→ **TASK DIRECTIONS**: Starting at the top of the data and ending with the line that holds "Provide a short and direct response. France.", transcribe each line exactly; include both ends.

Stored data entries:
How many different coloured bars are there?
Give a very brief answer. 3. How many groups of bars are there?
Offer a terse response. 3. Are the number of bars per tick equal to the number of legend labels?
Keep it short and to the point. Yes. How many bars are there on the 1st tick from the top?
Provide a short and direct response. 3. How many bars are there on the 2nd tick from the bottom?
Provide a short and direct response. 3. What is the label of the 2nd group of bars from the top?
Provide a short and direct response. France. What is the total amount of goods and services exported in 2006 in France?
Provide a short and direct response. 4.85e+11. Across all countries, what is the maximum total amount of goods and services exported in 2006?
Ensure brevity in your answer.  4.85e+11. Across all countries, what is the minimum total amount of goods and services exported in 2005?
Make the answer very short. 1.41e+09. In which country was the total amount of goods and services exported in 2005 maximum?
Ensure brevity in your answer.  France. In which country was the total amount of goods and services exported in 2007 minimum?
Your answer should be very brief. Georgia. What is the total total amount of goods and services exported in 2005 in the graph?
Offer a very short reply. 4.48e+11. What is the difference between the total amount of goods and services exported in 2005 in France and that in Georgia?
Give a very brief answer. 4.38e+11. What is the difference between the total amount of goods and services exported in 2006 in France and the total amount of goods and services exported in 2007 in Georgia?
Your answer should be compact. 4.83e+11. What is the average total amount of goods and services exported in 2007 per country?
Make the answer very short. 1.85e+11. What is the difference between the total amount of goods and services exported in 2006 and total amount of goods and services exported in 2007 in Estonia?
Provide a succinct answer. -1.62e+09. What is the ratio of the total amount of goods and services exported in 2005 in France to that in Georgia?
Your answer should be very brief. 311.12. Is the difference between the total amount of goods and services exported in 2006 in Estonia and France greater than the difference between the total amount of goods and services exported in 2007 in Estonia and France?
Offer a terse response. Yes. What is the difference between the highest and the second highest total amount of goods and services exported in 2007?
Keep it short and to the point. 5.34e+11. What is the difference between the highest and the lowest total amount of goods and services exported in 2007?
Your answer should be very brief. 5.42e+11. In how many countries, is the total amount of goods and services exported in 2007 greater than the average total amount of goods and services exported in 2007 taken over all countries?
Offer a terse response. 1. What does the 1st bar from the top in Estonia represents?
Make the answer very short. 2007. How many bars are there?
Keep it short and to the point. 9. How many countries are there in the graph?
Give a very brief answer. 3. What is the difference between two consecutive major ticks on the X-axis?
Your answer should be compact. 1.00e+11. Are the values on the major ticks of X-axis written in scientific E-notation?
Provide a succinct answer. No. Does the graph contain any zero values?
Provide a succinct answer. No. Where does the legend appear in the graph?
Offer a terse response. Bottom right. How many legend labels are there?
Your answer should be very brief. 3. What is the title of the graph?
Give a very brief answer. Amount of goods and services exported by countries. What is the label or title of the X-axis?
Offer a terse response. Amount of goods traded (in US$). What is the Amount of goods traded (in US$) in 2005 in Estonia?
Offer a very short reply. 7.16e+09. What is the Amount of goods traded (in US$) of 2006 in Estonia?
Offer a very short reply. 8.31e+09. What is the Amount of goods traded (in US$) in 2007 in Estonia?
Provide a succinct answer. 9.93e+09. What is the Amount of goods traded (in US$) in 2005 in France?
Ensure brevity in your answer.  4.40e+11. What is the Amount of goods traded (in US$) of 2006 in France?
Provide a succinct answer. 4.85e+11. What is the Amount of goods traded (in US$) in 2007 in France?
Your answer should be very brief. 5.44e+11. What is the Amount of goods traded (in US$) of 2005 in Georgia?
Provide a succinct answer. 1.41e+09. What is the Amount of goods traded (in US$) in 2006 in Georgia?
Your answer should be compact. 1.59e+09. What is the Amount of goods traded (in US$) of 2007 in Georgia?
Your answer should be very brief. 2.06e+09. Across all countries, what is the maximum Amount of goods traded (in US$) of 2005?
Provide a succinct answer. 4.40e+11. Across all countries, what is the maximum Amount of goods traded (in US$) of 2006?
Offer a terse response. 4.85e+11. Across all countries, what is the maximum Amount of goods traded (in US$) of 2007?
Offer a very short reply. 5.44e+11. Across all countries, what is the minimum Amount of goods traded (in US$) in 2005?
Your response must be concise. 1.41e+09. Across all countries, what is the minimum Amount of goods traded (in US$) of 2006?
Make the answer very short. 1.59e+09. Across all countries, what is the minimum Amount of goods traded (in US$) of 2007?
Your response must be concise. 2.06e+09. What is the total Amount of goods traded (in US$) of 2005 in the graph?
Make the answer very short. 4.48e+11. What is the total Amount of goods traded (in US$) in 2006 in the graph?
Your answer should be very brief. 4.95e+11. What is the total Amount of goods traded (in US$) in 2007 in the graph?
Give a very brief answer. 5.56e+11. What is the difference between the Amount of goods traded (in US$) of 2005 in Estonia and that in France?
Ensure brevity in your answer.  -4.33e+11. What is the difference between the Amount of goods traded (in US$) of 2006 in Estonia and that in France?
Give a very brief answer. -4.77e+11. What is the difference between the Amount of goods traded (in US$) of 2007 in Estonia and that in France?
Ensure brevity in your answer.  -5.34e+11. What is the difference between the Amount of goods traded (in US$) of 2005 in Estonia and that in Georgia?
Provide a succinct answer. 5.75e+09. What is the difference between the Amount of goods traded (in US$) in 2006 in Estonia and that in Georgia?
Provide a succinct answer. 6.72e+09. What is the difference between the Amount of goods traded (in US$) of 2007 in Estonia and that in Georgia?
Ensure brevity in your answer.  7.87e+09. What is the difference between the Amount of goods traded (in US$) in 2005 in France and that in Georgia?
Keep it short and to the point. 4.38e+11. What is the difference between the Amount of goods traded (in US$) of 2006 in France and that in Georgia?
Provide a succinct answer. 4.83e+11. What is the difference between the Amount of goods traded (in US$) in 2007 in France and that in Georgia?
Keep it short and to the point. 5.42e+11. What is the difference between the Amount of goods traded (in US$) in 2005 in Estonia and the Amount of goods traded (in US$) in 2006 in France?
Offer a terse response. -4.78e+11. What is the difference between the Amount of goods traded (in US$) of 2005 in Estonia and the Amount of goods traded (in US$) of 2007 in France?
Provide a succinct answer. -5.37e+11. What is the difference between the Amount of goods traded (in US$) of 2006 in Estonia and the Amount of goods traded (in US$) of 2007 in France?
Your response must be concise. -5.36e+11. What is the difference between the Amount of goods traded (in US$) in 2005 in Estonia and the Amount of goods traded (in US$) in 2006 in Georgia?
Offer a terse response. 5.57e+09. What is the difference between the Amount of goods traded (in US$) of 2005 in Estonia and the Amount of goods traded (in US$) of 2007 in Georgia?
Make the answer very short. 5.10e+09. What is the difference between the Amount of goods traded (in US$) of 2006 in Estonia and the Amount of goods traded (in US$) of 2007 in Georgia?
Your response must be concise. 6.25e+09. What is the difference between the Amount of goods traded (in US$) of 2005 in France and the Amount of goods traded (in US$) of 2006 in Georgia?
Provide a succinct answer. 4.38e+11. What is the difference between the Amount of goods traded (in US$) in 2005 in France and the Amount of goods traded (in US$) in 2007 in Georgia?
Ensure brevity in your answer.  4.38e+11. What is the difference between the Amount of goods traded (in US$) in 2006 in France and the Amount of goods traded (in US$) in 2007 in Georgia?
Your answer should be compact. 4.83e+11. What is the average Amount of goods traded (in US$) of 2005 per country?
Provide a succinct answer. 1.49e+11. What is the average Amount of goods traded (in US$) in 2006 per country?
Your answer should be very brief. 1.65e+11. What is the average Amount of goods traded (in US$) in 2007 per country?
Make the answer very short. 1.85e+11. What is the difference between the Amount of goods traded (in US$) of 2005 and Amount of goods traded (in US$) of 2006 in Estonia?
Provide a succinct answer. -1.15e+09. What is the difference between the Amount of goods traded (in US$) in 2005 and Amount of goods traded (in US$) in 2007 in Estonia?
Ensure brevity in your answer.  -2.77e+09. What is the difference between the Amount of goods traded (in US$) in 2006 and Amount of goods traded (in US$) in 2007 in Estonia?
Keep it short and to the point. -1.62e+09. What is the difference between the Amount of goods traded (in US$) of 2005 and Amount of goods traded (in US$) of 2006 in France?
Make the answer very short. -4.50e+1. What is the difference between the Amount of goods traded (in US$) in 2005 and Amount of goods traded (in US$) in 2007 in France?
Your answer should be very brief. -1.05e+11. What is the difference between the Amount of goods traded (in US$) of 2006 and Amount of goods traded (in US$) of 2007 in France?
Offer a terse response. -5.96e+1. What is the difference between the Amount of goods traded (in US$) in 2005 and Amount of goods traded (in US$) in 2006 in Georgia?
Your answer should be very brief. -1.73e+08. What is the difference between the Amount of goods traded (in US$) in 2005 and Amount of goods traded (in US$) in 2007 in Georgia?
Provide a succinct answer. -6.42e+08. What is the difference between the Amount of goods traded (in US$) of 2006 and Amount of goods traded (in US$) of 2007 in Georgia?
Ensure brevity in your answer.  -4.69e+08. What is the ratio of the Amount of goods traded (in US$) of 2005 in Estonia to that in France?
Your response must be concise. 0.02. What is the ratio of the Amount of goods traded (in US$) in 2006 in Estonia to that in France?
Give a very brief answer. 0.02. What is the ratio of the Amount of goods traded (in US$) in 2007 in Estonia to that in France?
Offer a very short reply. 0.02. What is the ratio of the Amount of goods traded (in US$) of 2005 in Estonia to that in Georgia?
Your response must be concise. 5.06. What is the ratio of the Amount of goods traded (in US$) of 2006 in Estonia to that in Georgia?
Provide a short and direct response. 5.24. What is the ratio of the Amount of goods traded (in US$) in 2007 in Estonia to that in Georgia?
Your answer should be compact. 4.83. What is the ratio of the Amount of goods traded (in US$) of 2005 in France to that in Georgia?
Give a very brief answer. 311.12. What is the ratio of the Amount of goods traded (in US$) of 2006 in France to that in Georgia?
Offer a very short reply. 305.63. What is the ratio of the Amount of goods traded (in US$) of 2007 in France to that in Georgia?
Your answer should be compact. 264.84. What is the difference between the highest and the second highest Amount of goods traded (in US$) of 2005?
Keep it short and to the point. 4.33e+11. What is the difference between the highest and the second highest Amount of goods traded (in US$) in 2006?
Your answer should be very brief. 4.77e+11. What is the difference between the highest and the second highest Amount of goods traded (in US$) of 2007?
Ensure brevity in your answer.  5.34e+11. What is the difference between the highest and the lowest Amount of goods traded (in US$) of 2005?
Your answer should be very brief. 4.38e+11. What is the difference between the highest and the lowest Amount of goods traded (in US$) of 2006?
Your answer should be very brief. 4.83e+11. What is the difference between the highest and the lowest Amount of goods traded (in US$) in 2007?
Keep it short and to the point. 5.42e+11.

→ **RESULT**:
How many different coloured bars are there?
Give a very brief answer. 3. How many groups of bars are there?
Offer a terse response. 3. Are the number of bars per tick equal to the number of legend labels?
Keep it short and to the point. Yes. How many bars are there on the 1st tick from the top?
Provide a short and direct response. 3. How many bars are there on the 2nd tick from the bottom?
Provide a short and direct response. 3. What is the label of the 2nd group of bars from the top?
Provide a short and direct response. France. What is the total amount of goods and services exported in 2006 in France?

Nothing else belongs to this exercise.